Introduction

Acute multifocal hemorrhagic retinal vasculitis (AMHRV) is a rare condition with an unknown etiology. It predominantly affects healthy immunocompetent adults, mostly men, and is characterized by bilateral but asymmetric involvement. The condition presents with sudden visual loss accompanied by characteristic fundoscopic findings, all without concomitant systemic symptoms [1, 2].
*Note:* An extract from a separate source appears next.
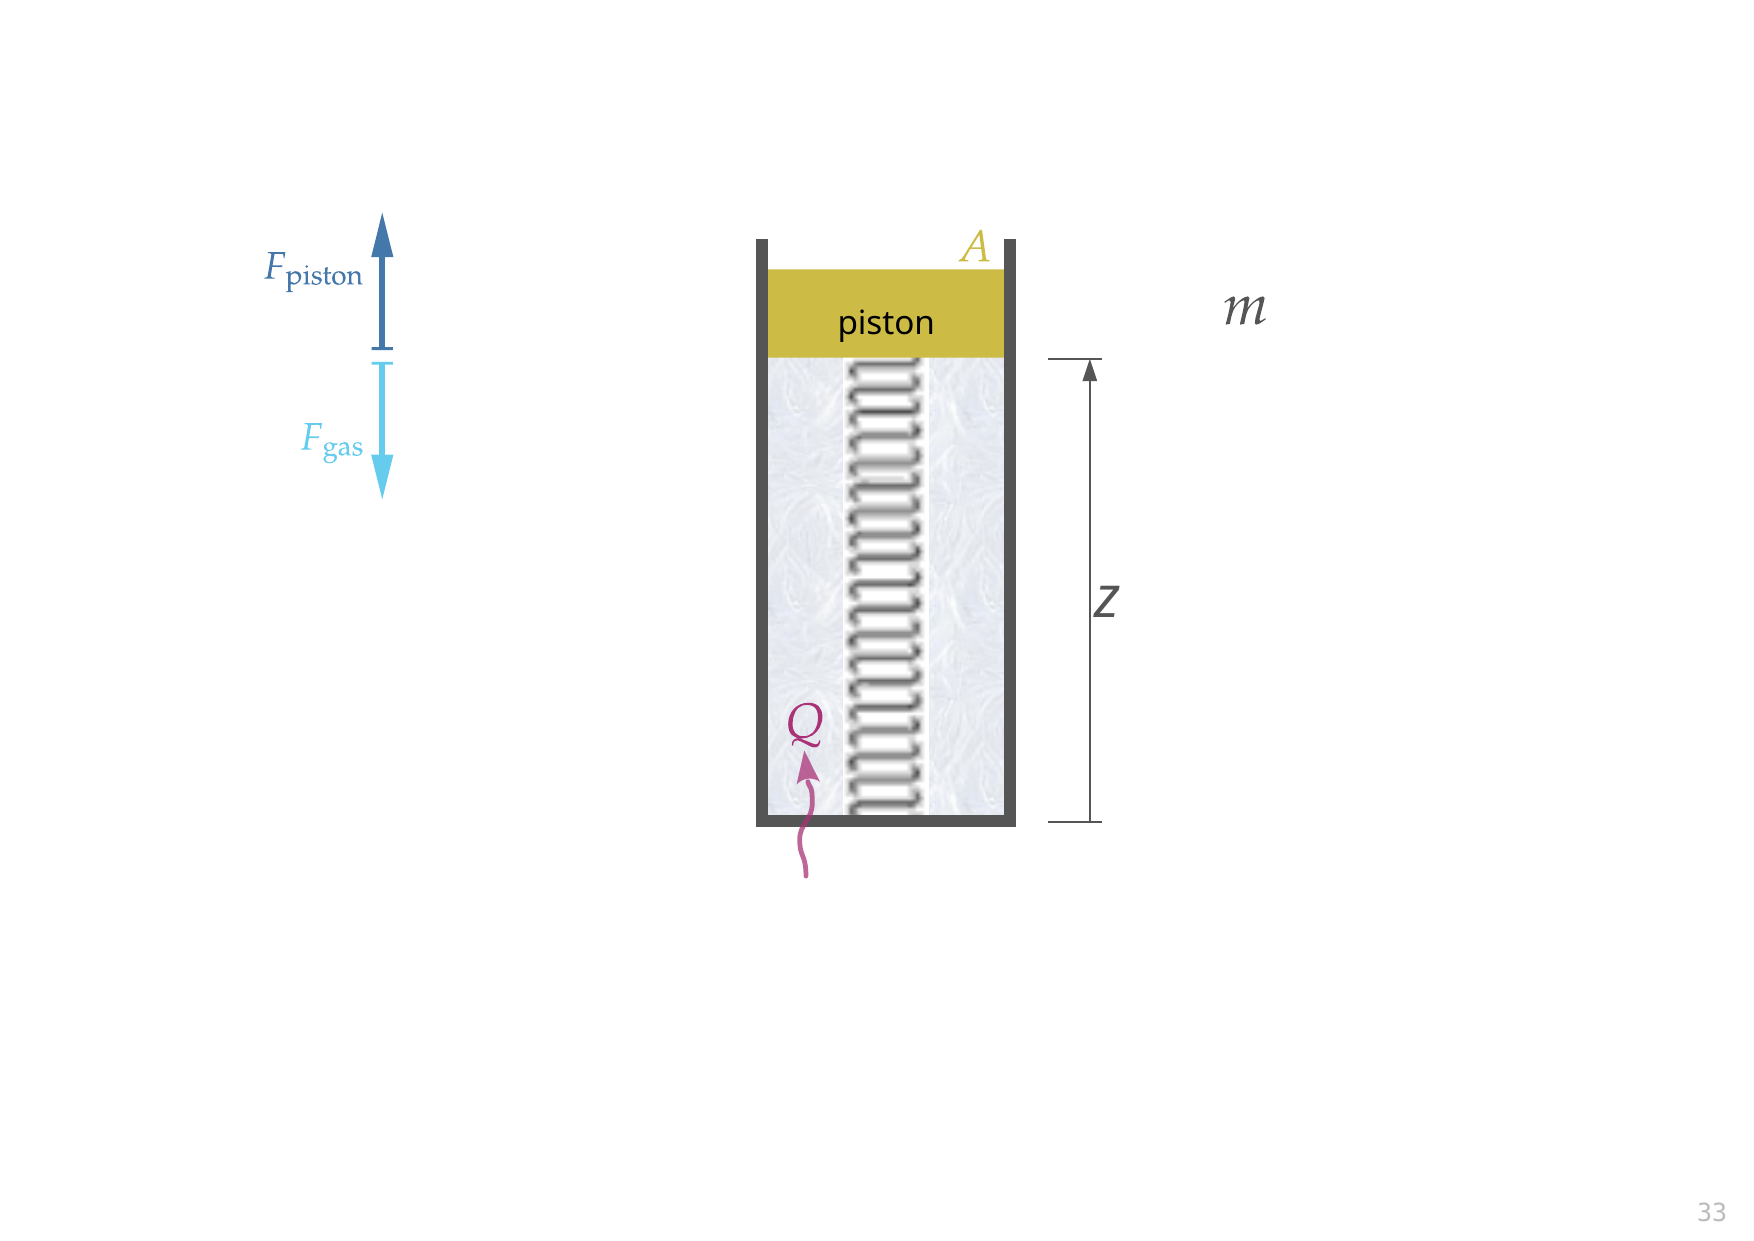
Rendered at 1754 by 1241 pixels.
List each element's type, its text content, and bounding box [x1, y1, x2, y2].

The clinical hallmark of AMHRV resides in its distinctive fundoscopic manifestations, characterized by vitreous inflammation, retinal vasculitis, retinal hemorrhage predominantly in the posterior segment, and papillitis. Diagnosis of AMHRV is fundamentally clinical and can only be confirmed after discarding systemic etiologies or other entities with similar features [1–3]. Among these entities, Behçet’s disease, sarcoidosis, ocular syphilis, toxoplasmosis, viral infection and Eales’ disease should be excluded [3]. Long-term complications of AMHRV include epiretinal membrane, vitreous hemorrhage, neovascularization, iris rubeosis, or neovascular glaucoma [4].

Due to the low incidence of AMHRV and the limited literature available, no standardized treatment exists. Noteworthy reported therapeutic approaches include oral, intravenous, or intravitreal anti-viral treatments, systemic corticosteroids, vitrectomy, photocoagulation for retinal ischemia, and immunomodulators such as rituximab, methotrexate or cyclophosphamide [1–4].

To the best of our knowledge, this is the second reported case of AMHRV in the pediatric demographic [5].

Case report

An 11-year-old Caucasian boy, devoid of any noteworthy medical history, presented to the emergency department of our hospital with a chief complaint of sudden painless visual impairment in the right eye (RE) over the course of the preceding 24 hours. Notably, he reported the absence of any accompanying symptoms.

On examination, his best corrected visual acuity (BCVA) was hand motion (HM) in the RE and 20/25 (0.10 LogMar) in the left eye (LE). Dyschromatopsia and relative afferent pupillary defect were present in the RE. Fundoscopy showed perivasculitis with intraretinal hemorrhages following the course of the vessels and severe optic disc edema in the RE (Fig. 1A). Mild optic disc edema, without retinal nor vascular abnormalities, was present in the LE (Fig. 1B). Slit-lamp examination was normal, as there was no anterior chamber or vitreous cell inflammation. Intraocular pressure was within normal limits in both eyes.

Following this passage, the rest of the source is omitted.